> _EXERCISE DESCRIPTION_: Transcribe nothing but the lines from the one with "Given: Find the" to the end of the entries, both included, keeping each exact and leaving every picture out.

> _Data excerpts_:
..............................

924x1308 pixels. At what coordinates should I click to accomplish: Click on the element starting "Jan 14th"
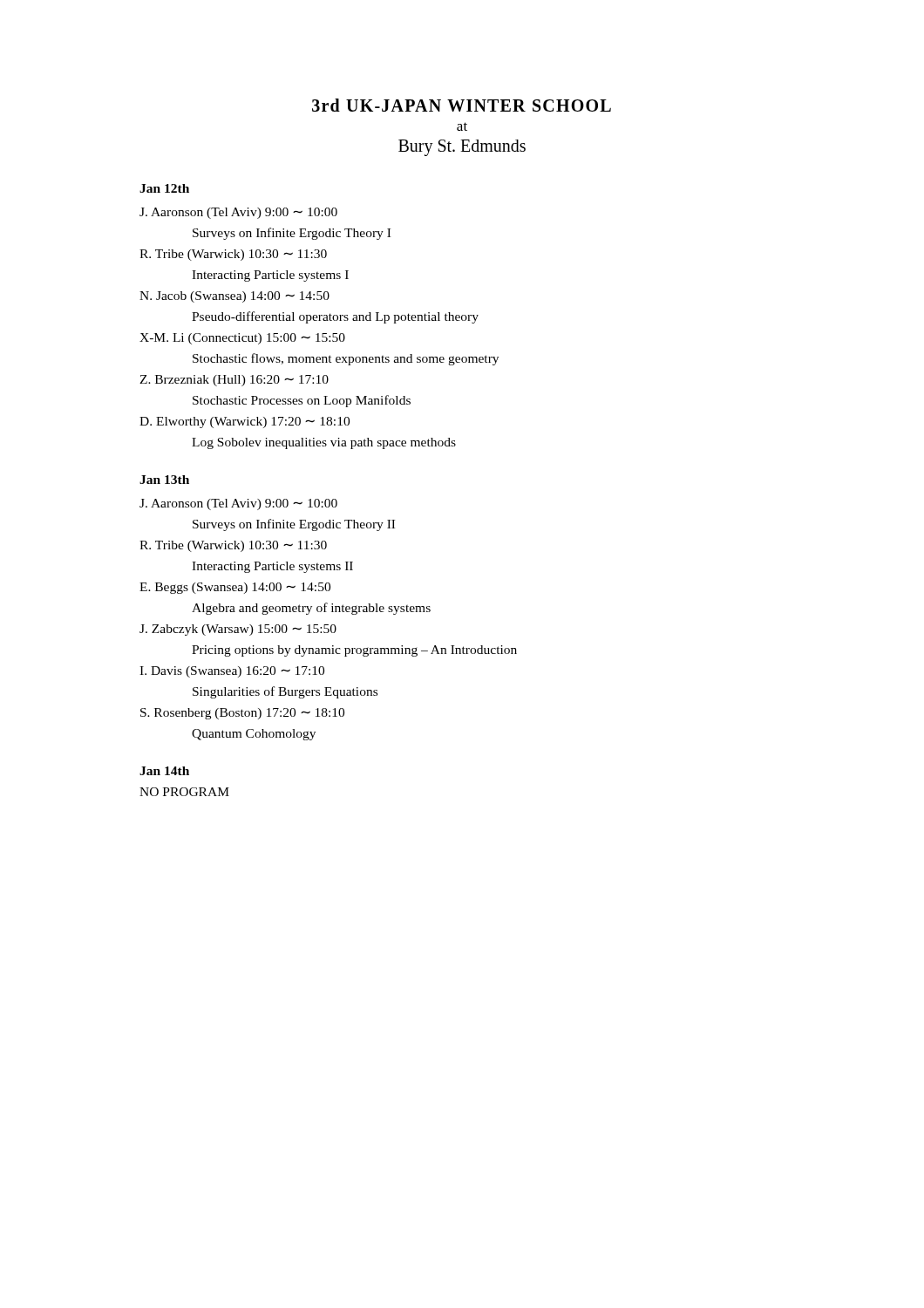coord(164,771)
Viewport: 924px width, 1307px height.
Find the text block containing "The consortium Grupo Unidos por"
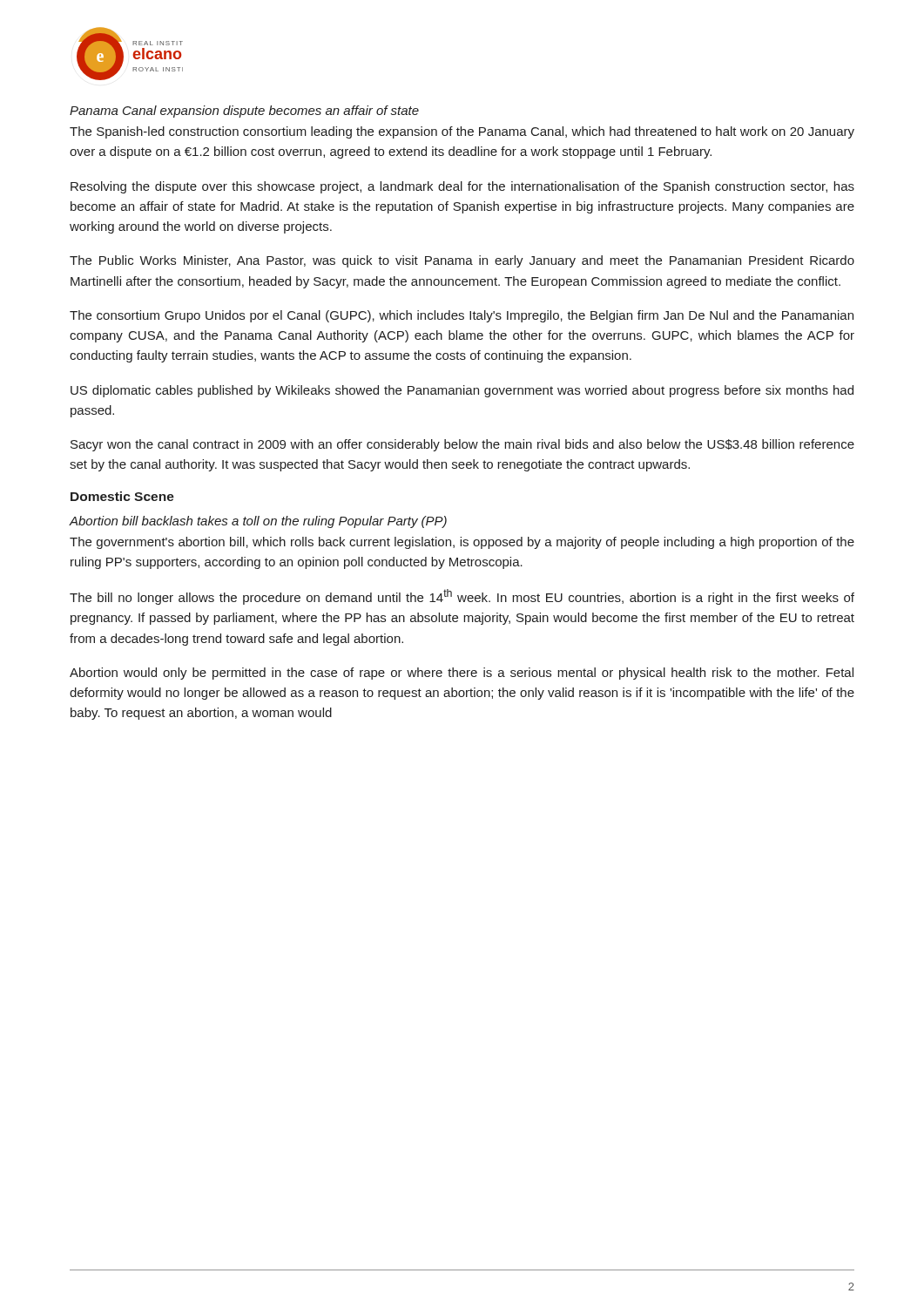click(462, 335)
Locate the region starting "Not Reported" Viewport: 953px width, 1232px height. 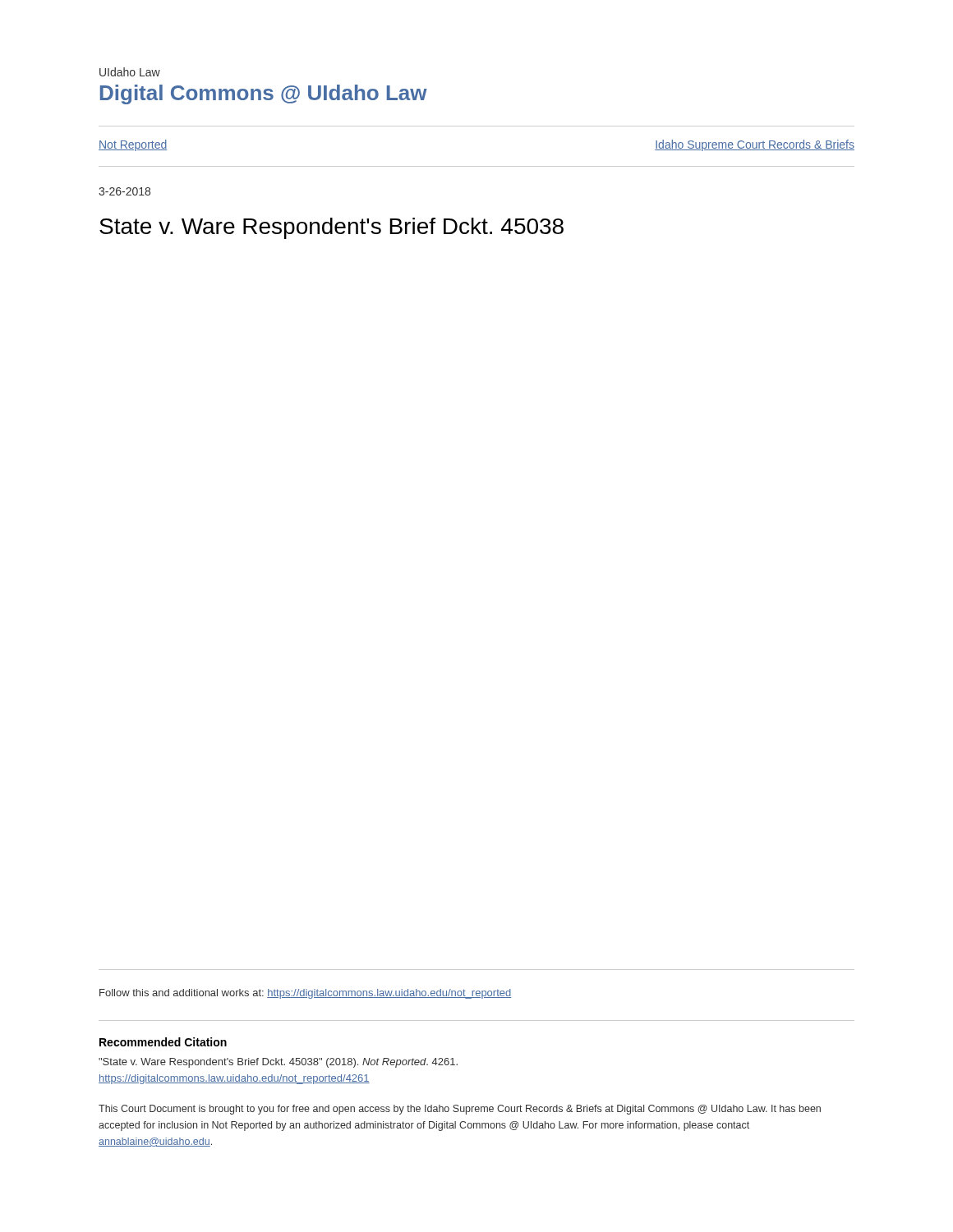coord(133,145)
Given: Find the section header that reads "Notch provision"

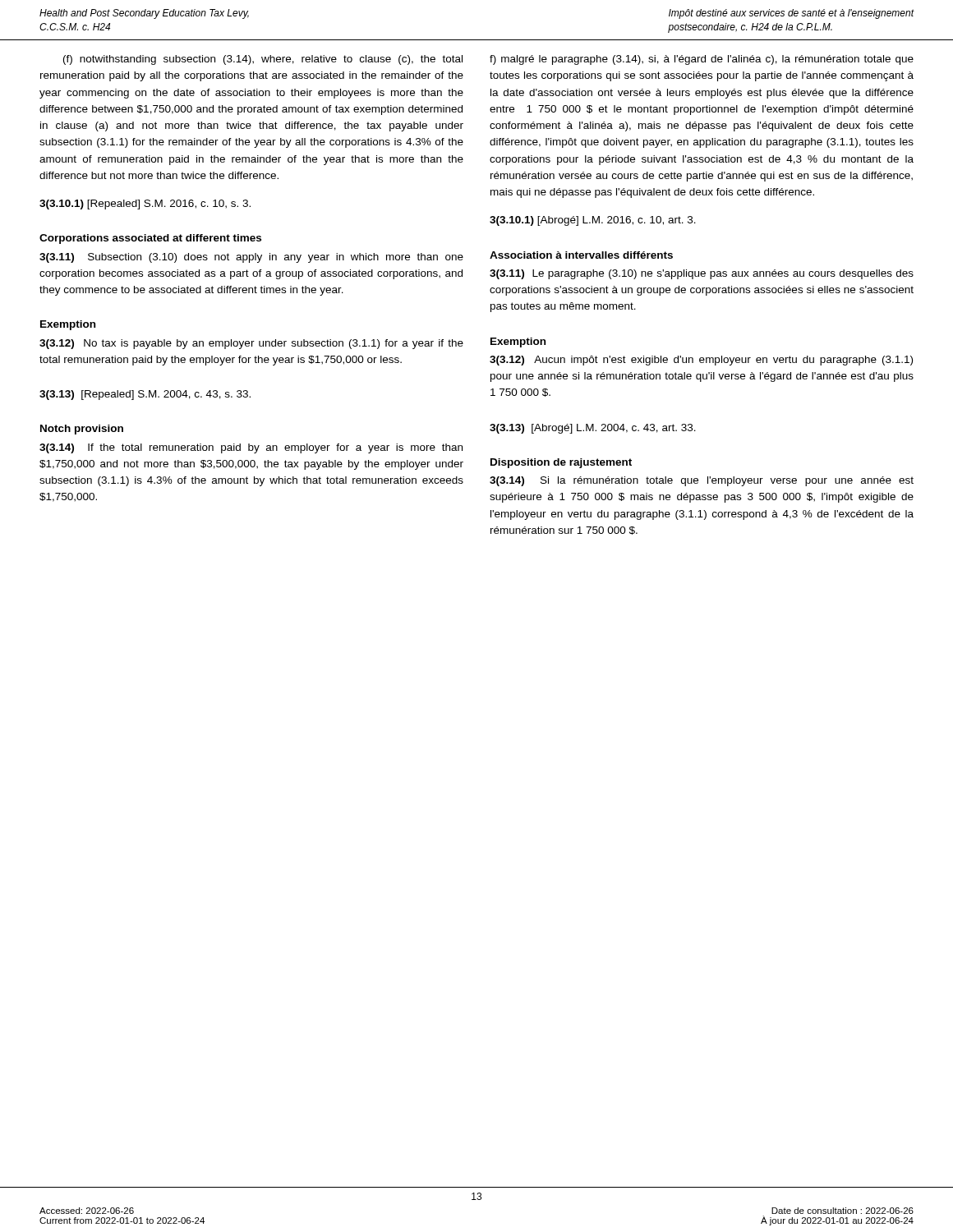Looking at the screenshot, I should point(82,428).

..............................

> _ANSWER TO THIS PROBLEM_:
Given: Find the section header that reads "Notch provision"

Looking at the screenshot, I should point(82,428).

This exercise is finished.